Theta dynamics as a biomarker for epilepsy. A, Theta activity during the epileptogenic period from representative epileptic and nonepileptic animals (N = 3 in both groups). The smoothed raw traces and the corresponding linear fits are represented by continuous vs dashed lines, respectively. B, ROC analysis was used to assess the predictive potential of two measures of theta dynamics: absolute value of the slope (sensitivity I: AUC = 0.9102, p < 0.0001) and the distance of each slope from the mean slope of control group (sensitivity II: AUC = 0.9969, p < 0.0001). The dotted black line indicates an AUC of 0.5, a reference to randomized classification. C, Slopes of theta activity, superimposed on the margins of the safety range (dashed lines) calculated based on the OOP of sensitivity II. D, Kaplan–Meier analysis shows a significant difference between the OOP-classified groups (p < 0.0001, based on sensitivity I or II). W/I, Within safety range; O/O, out of safety range. E, Theta slopes are inversely correlated with the duration of the epileptogenic period (N = 17, r = 0.66, p = 0.0036). F, Theta and high-gamma slopes are inversely correlated in both epileptic (N = 17, r = 0.924, p < 0.0001) and nonepileptic (N = 19, r = 0.51, p = 0.021) animals. dex, Dextran. G, ROC analyses of a single sample per day (1-h-long segment): AUC = 0.66 (p = 0.1 CI = 0.46–0.86) and AUC = 0.75 (p = 0.018, CI = 0.58–0.92), respectively, to sensitivity I and II. H, ROC analyses of two samples per day (1-h-long segment, every 12 h) AUC = 0.78 (p = 0.004, CI = 0.63–0.94) and AUC = 0.873 (p = 0.0001, CI = 0.76–0.99).

Figure 4.

Circadian rhythm is disturbed during epileptogenesis. A, B, Representative examples of smoothed theta relative power and locomotor activity signals in nonepileptic mice (A) or in mice undergoing epileptogenesis (B). C, D, Comparison of FFT analysis applied over the locomotor activity (C) and theta relative power (D) signals plotted in A and B between nonepileptic mice (N = 8) and mice undergoing epileptogenesis (N = 8). Comparison of the mean pick-to-pick theta relative power difference among nonepileptic animals (N = 8) and the difference between the start and end of epileptogenesis among animals undergoing epileptogenesis. E, Presented are the median values plus the range. *p = 0.0378.

Figure 5.

Theta dynamics as a biomarker for epilepsy in a stroke model of PIE. A, An example of a hippocampal seizure in a model of poststroke epilepsy.
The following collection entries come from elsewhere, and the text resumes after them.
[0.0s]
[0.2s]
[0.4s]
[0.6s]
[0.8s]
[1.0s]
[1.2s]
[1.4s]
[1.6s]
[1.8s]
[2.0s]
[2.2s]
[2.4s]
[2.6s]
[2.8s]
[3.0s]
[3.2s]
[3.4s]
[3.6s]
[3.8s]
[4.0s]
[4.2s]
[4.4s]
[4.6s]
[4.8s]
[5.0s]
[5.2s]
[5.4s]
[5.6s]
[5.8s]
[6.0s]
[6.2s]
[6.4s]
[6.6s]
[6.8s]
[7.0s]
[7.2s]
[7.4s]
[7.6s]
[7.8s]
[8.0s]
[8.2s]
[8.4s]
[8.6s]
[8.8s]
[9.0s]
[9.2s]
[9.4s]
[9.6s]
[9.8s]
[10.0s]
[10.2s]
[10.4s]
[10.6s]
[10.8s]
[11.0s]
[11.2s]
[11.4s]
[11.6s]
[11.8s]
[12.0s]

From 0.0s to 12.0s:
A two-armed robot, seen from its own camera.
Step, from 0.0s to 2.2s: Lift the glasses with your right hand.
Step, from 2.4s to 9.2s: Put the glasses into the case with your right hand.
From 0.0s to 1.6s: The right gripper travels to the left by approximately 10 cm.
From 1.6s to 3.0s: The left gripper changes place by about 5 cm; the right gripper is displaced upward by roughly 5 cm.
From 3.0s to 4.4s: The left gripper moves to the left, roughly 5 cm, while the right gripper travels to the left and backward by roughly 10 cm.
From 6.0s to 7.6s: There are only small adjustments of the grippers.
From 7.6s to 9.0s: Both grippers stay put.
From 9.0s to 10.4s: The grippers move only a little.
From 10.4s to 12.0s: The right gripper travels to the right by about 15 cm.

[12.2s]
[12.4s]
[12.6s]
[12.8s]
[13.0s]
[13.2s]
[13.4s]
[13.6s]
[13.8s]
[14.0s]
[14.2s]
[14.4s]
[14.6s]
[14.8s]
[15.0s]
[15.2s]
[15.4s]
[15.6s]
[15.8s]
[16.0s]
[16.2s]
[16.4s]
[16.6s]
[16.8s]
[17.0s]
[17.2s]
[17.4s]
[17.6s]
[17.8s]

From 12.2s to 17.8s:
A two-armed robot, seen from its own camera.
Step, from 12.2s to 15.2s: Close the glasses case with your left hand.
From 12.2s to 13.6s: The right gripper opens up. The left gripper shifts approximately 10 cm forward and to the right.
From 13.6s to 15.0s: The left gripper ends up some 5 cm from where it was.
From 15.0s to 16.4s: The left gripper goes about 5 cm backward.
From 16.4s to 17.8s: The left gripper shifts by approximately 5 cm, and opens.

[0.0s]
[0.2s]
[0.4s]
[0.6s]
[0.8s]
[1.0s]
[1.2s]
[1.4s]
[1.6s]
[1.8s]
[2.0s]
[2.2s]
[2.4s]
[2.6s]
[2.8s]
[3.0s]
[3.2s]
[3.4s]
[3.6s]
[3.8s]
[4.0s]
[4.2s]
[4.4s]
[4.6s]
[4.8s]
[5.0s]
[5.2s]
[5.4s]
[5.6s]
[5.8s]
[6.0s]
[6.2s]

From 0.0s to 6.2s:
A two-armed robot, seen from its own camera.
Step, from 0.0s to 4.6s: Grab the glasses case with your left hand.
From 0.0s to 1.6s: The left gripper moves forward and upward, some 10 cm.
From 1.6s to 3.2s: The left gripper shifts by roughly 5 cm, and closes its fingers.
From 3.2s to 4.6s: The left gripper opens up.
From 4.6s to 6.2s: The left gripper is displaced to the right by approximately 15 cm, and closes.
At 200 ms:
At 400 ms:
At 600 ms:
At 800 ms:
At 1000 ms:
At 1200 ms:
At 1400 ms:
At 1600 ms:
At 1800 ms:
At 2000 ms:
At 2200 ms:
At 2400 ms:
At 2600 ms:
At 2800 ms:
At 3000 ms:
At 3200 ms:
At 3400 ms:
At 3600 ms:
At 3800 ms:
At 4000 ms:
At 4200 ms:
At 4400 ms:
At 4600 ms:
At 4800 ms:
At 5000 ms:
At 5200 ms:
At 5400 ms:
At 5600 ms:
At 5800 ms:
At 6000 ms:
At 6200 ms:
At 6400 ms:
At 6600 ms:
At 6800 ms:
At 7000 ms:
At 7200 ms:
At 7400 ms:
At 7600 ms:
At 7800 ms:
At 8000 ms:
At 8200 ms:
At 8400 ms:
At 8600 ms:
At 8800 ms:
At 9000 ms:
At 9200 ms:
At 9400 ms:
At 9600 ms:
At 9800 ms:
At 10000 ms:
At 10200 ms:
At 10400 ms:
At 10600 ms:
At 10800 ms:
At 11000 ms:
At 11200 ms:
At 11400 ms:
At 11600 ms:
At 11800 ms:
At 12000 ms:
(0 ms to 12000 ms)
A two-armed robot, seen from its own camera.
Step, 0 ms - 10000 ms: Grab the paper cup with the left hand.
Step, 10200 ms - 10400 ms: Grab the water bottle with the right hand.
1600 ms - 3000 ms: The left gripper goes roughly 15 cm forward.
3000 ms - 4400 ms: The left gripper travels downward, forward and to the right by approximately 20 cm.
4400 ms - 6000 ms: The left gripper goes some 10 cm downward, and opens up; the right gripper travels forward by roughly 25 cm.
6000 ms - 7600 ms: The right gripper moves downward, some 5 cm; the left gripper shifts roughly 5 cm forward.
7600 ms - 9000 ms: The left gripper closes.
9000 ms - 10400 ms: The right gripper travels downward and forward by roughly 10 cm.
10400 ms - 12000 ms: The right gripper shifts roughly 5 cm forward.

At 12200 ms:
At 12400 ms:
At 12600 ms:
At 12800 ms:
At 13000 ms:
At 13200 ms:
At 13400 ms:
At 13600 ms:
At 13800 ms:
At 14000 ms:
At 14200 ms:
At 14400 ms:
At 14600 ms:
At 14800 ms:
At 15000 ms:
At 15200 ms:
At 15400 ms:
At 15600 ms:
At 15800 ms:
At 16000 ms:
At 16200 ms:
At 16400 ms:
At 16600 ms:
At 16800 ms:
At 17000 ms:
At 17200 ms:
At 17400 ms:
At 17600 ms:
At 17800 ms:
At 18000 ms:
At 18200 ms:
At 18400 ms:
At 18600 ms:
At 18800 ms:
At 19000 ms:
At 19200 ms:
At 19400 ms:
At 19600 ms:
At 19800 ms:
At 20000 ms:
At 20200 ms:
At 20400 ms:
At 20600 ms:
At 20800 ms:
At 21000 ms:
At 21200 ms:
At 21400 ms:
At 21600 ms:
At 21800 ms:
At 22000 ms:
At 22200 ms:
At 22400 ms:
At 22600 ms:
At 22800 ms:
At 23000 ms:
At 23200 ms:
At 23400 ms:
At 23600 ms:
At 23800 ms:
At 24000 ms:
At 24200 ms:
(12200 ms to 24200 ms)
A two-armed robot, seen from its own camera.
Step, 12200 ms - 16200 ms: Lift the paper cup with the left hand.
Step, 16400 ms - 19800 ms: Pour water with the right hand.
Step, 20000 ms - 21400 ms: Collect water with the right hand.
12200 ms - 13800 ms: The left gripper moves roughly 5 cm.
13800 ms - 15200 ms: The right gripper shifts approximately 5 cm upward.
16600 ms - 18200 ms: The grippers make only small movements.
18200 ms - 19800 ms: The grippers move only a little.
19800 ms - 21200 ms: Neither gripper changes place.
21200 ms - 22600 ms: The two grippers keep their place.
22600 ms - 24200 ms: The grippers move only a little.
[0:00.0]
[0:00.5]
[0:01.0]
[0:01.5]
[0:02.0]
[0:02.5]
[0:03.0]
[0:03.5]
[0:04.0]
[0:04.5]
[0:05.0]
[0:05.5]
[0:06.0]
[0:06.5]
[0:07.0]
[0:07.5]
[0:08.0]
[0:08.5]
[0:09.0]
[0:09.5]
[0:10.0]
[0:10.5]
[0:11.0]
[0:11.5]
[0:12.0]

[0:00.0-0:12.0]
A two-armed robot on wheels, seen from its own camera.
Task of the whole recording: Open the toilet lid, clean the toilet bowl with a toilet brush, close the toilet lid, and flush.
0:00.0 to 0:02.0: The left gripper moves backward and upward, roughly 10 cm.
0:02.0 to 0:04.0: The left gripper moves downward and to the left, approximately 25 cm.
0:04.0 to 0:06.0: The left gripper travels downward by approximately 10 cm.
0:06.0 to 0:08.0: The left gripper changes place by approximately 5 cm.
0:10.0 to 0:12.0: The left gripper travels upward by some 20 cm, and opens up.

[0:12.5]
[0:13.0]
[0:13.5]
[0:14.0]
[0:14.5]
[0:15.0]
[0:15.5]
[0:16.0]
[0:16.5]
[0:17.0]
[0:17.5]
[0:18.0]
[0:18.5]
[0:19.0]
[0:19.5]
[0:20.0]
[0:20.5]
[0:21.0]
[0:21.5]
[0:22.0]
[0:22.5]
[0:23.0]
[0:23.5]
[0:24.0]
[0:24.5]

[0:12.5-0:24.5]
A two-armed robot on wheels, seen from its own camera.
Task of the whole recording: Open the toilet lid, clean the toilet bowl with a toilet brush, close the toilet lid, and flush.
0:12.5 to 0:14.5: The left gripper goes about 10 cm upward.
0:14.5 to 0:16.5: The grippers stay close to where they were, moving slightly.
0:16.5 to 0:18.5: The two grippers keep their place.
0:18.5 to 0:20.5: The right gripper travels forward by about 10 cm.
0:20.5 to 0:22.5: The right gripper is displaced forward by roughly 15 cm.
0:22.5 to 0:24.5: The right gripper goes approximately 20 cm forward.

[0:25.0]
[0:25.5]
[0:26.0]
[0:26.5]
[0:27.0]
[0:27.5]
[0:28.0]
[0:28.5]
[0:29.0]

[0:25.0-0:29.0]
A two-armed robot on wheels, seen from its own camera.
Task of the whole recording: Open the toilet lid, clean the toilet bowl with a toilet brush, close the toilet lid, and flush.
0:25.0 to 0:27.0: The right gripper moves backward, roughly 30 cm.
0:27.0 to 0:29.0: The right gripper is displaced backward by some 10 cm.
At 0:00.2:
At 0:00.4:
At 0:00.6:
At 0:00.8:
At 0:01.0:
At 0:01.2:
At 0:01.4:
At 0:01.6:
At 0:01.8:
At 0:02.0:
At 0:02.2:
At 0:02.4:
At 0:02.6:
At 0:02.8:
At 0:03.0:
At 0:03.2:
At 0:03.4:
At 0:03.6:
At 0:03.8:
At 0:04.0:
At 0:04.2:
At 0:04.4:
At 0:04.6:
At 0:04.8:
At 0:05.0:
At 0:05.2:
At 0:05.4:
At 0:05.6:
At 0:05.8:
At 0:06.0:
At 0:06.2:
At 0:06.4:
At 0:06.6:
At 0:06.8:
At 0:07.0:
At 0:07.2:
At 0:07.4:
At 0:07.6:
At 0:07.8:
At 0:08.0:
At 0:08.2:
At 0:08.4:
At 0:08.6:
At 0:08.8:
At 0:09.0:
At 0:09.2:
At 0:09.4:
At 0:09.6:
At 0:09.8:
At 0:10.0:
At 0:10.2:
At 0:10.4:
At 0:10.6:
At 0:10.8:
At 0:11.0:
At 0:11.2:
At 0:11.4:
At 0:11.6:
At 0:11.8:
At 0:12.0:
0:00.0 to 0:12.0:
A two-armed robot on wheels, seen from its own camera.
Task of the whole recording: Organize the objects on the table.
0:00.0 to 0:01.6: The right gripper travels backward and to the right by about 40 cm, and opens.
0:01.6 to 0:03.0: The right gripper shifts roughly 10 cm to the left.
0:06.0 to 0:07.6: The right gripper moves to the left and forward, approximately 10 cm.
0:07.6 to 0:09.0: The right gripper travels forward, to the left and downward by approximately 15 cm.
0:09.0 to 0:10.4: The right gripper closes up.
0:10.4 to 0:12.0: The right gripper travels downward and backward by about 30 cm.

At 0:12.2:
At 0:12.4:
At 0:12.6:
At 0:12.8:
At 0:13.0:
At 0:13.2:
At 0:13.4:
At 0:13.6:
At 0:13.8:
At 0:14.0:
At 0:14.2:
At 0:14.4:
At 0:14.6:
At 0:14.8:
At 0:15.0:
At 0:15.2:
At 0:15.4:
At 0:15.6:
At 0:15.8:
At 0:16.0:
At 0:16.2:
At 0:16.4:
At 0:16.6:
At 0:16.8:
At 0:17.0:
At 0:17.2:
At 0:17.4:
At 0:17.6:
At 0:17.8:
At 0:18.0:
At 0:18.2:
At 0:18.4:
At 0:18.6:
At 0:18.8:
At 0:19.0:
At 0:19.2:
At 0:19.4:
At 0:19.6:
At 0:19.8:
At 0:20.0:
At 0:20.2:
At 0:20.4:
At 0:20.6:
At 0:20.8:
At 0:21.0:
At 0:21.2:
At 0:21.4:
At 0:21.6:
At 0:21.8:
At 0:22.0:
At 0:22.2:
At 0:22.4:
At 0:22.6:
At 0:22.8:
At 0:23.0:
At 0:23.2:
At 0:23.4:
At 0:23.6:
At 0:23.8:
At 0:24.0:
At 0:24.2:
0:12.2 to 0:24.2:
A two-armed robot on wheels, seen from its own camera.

B, A heat map of daily seizure rates shows that 5 of the 14 stroke animals remained nonepileptic throughout the recorded period. Among the epileptic animals, the seizure-free period ranged between 1 and 7 d. C, D, Theta slopes (during the first 24 h from treatment initiation) of nonepileptic animals fall within a distinctive range (C), the distance from which can accurately classify disease outcome, as evidenced in the ROC analysis (D), revealing an AUC of 1 (p = 0.003). The dotted black line indicates an AUC of 0.5, a reference to randomized classification.

Figure 6.

Theta dynamics as a biomarker for epilepsy in an EISE model of PIE. A, B, The k-means classification (dashed lines) of theta slopes (as recorded from the electrode ipsilateral to stimulation (A) resulted in a division corresponding to the latency of the epileptogenic period (B), with higher absolute slopes associated with earlier epilepsy onsets, whereas slow theta changes corresponded to slower disease development (p = 0.035). C, Comparison of ipsilateral and contralateral theta slopes in early-onset animals highlights one animal (outlined circle) with remarkably different values between the two hemispheres. D, E, Interestingly, this animal (E) also had evident differences in intrahemispheric seizure propagation compared with an animal with relatively consistent slopes [D (outlined square in C)].